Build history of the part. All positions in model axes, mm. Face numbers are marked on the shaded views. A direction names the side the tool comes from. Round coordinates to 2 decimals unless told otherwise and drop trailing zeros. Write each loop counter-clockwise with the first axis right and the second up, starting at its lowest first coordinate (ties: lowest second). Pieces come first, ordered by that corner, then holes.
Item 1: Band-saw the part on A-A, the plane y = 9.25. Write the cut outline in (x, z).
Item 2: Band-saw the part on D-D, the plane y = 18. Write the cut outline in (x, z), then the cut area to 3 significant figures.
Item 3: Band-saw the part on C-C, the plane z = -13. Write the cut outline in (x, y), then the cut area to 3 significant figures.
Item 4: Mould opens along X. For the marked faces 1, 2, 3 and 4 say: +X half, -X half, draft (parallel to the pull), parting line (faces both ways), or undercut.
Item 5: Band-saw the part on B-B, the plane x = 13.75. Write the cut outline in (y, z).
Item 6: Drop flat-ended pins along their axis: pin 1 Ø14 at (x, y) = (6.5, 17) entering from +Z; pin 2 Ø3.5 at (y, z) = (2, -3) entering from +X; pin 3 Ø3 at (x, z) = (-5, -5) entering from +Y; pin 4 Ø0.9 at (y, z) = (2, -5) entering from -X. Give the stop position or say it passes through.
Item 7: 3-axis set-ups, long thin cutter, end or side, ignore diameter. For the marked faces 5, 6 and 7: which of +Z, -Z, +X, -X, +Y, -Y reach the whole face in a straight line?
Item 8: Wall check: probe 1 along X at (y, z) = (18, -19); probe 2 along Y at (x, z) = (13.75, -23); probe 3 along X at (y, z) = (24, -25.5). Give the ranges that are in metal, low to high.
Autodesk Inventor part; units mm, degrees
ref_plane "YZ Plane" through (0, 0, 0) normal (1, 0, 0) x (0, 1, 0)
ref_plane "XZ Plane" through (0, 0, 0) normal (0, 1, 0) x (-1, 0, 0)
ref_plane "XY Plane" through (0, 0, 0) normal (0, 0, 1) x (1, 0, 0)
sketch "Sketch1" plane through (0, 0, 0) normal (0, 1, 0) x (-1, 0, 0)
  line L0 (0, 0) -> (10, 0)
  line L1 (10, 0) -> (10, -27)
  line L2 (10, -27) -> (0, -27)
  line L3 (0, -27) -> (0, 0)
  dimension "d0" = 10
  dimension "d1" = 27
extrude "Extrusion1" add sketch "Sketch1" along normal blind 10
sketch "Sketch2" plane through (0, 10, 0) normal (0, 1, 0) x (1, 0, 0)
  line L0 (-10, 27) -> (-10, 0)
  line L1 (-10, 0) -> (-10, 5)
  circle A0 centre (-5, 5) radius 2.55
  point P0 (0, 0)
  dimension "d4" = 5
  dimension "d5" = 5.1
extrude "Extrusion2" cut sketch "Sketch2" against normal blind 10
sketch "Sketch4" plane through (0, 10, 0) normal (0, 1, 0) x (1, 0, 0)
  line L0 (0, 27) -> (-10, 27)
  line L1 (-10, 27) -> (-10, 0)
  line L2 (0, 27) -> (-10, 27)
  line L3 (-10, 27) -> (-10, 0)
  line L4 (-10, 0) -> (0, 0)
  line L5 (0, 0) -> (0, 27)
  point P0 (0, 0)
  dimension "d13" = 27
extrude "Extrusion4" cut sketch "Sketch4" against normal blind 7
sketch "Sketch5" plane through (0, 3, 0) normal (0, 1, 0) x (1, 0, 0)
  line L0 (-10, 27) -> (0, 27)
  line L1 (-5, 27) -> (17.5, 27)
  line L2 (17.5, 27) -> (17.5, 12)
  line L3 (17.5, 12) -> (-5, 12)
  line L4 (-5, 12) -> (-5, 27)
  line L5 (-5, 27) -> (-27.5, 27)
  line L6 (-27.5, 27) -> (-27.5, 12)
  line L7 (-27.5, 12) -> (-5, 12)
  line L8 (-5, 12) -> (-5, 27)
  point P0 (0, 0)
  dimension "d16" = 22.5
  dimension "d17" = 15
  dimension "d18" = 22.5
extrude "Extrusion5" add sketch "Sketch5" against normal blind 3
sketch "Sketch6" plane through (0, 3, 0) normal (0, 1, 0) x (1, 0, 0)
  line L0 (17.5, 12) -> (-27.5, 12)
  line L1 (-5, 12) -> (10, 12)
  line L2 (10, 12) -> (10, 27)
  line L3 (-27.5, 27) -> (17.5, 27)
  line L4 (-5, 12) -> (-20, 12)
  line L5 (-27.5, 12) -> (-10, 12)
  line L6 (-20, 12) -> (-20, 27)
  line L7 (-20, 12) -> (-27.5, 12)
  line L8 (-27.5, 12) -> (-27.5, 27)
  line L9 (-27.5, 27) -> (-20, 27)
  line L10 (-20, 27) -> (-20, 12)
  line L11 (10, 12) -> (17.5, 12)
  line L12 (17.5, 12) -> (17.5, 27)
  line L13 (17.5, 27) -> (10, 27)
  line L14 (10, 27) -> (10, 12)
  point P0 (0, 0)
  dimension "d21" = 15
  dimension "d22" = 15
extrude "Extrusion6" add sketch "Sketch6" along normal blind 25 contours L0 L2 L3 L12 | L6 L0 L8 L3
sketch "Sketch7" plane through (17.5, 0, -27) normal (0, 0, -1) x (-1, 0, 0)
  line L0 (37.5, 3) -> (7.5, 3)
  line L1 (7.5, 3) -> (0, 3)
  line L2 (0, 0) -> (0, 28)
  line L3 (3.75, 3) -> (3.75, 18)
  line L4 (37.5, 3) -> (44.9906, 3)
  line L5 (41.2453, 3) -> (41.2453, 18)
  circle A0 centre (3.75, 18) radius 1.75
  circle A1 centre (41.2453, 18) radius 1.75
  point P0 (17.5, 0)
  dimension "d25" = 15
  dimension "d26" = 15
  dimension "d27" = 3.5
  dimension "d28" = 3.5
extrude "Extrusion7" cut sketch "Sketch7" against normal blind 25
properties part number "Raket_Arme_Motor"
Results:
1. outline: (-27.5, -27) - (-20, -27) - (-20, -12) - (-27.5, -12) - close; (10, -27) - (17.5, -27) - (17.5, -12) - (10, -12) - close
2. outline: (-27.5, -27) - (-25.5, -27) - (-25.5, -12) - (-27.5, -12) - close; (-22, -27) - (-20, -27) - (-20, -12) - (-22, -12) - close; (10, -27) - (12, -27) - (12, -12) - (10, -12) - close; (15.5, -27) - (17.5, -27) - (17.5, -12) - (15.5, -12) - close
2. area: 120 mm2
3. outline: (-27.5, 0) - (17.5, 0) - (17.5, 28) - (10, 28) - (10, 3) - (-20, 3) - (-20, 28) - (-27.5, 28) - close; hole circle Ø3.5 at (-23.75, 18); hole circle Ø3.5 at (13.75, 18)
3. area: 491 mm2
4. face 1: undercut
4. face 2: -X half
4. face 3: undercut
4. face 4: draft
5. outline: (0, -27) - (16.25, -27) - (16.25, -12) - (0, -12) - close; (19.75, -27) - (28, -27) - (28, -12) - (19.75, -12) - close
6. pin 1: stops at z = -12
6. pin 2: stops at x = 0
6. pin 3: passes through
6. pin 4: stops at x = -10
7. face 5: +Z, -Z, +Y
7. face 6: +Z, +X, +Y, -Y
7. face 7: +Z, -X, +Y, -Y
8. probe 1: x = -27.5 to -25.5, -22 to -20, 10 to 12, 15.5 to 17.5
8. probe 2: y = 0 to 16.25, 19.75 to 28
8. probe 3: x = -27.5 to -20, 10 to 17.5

---

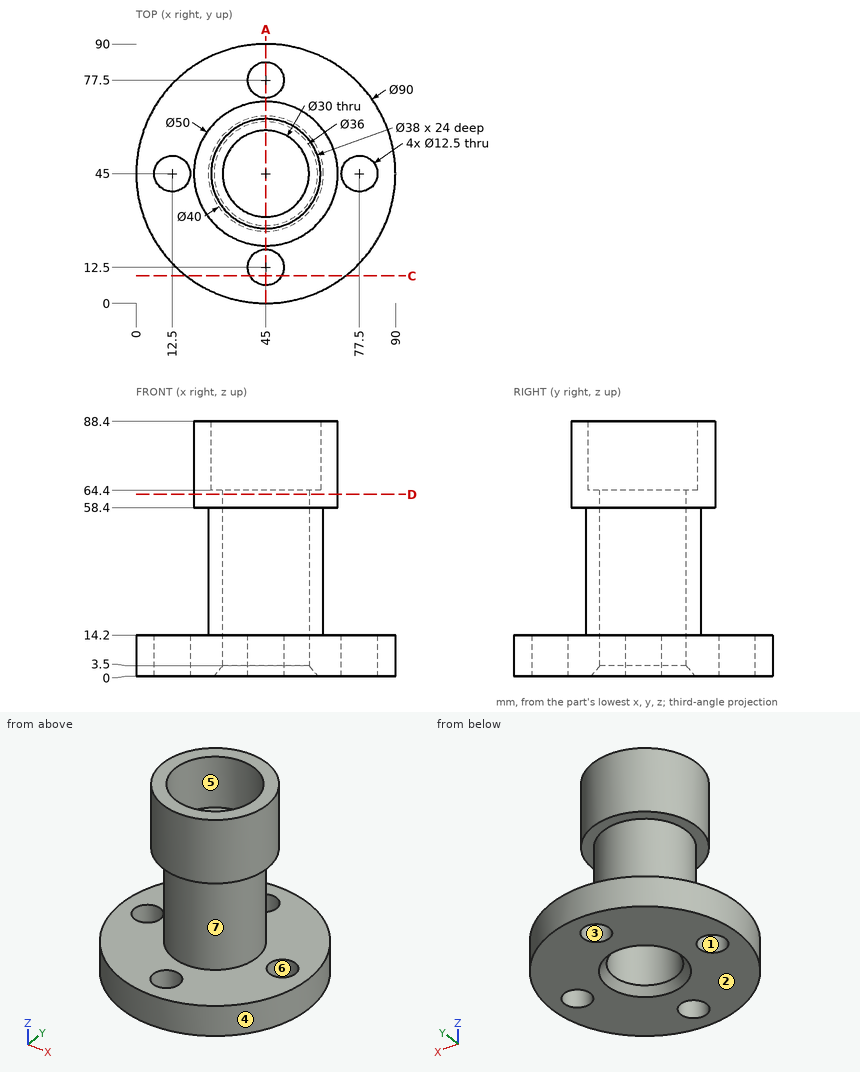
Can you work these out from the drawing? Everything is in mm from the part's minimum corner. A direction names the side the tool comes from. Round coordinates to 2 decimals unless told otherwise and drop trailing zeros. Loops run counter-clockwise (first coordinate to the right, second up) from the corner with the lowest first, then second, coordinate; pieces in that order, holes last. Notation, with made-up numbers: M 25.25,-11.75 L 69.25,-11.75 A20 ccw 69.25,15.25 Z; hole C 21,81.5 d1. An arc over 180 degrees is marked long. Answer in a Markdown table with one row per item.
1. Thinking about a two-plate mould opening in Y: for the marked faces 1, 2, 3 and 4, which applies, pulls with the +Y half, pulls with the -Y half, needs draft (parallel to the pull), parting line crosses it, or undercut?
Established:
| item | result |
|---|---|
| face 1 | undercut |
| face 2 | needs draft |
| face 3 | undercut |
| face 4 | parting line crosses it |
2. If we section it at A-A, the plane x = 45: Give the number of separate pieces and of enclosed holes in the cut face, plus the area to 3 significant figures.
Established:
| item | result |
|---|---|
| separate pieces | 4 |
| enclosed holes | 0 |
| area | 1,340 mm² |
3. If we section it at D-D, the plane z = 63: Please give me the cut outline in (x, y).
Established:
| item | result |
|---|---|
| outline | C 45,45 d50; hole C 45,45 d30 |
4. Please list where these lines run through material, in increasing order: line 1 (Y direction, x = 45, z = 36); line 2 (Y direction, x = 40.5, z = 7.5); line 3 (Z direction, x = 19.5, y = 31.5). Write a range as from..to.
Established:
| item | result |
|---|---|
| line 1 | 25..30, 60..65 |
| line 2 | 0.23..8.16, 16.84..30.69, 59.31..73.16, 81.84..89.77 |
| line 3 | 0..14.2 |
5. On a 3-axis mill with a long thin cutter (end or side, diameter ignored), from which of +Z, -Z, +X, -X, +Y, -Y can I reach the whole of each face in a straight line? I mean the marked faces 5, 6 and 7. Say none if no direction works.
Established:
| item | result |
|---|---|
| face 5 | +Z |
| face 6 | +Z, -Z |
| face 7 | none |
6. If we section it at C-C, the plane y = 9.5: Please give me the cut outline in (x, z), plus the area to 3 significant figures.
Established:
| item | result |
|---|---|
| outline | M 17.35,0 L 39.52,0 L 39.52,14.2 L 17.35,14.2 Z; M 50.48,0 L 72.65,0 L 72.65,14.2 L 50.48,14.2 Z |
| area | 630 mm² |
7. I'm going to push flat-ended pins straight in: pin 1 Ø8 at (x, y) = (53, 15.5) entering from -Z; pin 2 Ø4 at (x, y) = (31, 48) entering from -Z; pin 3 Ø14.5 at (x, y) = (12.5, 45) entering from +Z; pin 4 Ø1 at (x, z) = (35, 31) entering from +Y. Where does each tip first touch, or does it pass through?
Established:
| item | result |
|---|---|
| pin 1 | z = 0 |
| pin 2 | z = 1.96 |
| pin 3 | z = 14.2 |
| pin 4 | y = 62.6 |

**Task to complete**
Tally the lines above that contain the string "trailing". Respond with the total alone.

**Result**
2